Lou Ann Gilchrist, Dean of Student Affairs, says evidence collection is a major liability concern for the University because if evidence is not stored properly, it cannot be used in court for months or years in the future. If, for example, the evidence was tampered with or damaged while in storage with the University, the victim could lose the ability to use the evidence in court, and the University would be liable for damages.

While the evidence is in the University’s possession, evidence must be stored as secure possible. However, Gilchrist says this requires specialized equipment and adequate funding. The Health Center already has applied for a grant to meet these needs, but a response has not yet been awarded. Gilchrist says, even with significant support, the University must consider how funding will be obtained, how evidence will be stored, and how claims of sexual assault will be reported prior to opening the service.

“It isn’t that there aren’t a lot of champions that would really like to see students have this option. It’s just whether or not it’s feasible for us to provide it.”

– Lou Ann Gilchrist, Dean of Student Affairs

Gilchrist says a small committee made up of representatives from the Health Center, the Department of Public Safety, the Title IX office and the Office of Student Affairs currently is discussing how to put this program into place. One option would be to fund the program through a grant. The committee must also consider how the program ties into current legislation, some of which is highlighted in the timeline below, such as reporting sexual assault cases as individual or aggregate data.

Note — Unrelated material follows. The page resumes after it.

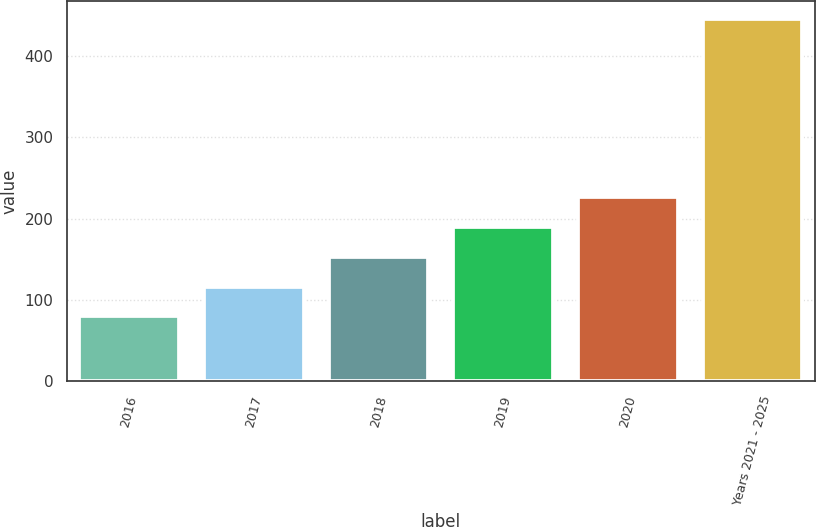Convert chart. <chart><loc_0><loc_0><loc_500><loc_500><bar_chart><fcel>2016<fcel>2017<fcel>2018<fcel>2019<fcel>2020<fcel>Years 2021 - 2025<nl><fcel>80<fcel>116.5<fcel>153<fcel>189.5<fcel>226<fcel>445<nl></chart>

Gilchrist says the final say probably will be made by administration — either the University President or the Board of Governors. She says she hopes the program functions on campus as an option for victims to get help as needed.

“My priority is — let’s just give students a safe place to go, so that they can get medical attention because about ninety-percent of rapes don’t go reported to the police, but those people could still get some information,” Gilchrist says. “They could still get counseling, and they could get medical treatment.”